5. Conclusions and Future Work

In this paper, a novel ReliefF and Rough Set- (RFRS-) based classification system is proposed for heart disease diagnosis. The main novelty of this paper lies in the proposed approach: the combination of the ReliefF and RS methods to classify heart disease problems in an efficient and fast manner. The RFRS classification system consists of two subsystems: the RFRS feature selection subsystem and the classification subsystem. The Statlog (Heart) dataset from the UCI machine learning database [3] was selected to test the system. The experimental results show that the reduct R ₂ (C ₁, C ₃, C ₇, C ₈, C ₁₁, C ₁₂, C ₁₃) achieves the highest classification accuracy (92.59%) using an ensemble classifier with the C4.5 decision tree as the weak learner. The results also show that the RFRS method has superior performance compared to three common classifiers in terms of ACC, sensitivity, and specificity. In addition, the performance of the proposed system is superior to that of existing methods in the literature.

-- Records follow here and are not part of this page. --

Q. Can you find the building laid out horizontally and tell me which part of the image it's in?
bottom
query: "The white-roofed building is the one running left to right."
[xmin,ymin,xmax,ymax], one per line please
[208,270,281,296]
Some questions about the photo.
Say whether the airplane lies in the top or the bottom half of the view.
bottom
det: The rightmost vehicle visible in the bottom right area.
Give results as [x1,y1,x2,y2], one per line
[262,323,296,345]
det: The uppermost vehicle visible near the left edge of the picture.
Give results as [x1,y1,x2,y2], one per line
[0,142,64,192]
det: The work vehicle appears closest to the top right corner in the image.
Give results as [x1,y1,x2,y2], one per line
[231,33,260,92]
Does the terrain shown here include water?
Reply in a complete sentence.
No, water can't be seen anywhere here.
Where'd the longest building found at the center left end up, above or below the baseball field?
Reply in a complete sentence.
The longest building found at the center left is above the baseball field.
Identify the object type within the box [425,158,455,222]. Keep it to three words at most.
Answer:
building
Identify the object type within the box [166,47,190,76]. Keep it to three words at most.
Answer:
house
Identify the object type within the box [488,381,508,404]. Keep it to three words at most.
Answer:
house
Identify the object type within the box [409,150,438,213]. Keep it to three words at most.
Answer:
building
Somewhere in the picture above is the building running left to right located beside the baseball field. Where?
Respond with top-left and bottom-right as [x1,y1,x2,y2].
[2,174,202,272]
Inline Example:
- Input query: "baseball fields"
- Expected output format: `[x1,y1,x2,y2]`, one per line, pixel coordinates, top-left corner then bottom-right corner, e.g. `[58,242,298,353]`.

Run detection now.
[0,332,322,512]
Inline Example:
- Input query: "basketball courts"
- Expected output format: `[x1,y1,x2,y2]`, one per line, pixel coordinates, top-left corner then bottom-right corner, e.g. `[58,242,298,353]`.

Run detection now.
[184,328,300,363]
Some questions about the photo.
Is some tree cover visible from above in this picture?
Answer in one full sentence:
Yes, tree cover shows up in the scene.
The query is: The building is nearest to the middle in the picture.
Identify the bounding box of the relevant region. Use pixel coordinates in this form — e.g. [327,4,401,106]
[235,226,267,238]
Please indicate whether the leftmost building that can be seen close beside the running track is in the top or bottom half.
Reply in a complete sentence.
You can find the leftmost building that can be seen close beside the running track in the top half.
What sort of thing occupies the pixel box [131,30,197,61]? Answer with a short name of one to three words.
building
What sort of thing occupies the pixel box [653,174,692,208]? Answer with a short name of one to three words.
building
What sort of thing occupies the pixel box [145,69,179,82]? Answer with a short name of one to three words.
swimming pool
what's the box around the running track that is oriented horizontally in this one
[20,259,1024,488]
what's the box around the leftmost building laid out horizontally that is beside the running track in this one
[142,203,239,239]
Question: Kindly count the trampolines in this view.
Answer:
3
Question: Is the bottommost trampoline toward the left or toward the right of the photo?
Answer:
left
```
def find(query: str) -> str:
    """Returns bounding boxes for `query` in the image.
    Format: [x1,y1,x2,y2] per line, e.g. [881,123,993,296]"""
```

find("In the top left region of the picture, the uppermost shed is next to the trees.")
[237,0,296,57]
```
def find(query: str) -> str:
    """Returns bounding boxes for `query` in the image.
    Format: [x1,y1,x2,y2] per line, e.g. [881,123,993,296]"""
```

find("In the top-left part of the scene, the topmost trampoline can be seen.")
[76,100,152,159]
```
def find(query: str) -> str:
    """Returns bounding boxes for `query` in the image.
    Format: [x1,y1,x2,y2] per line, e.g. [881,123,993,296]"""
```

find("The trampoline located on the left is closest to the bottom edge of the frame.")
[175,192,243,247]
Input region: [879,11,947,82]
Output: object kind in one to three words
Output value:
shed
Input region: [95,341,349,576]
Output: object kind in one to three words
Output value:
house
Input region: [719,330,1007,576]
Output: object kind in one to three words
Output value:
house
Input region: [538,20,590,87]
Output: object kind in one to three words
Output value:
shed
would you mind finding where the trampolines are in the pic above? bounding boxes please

Based on empirical analysis, the results indicate that the proposed classification system can be used as a promising alternative tool in medical decision making for heart disease diagnosis.

However, the proposed method also has some weaknesses. The number of the nearest neighbors (k) and the weight threshold (θ) are not stable in the ReliefF algorithm [20]. One solution to this problem is to compute estimates for all possible numbers and take the highest estimate of each feature as the final result [20]. We need to perform more experiments to find the optimal parameter values for the ReliefF algorithm in the future.

Competing Interests

The authors declare that there is no conflict of interests regarding the publication of this paper.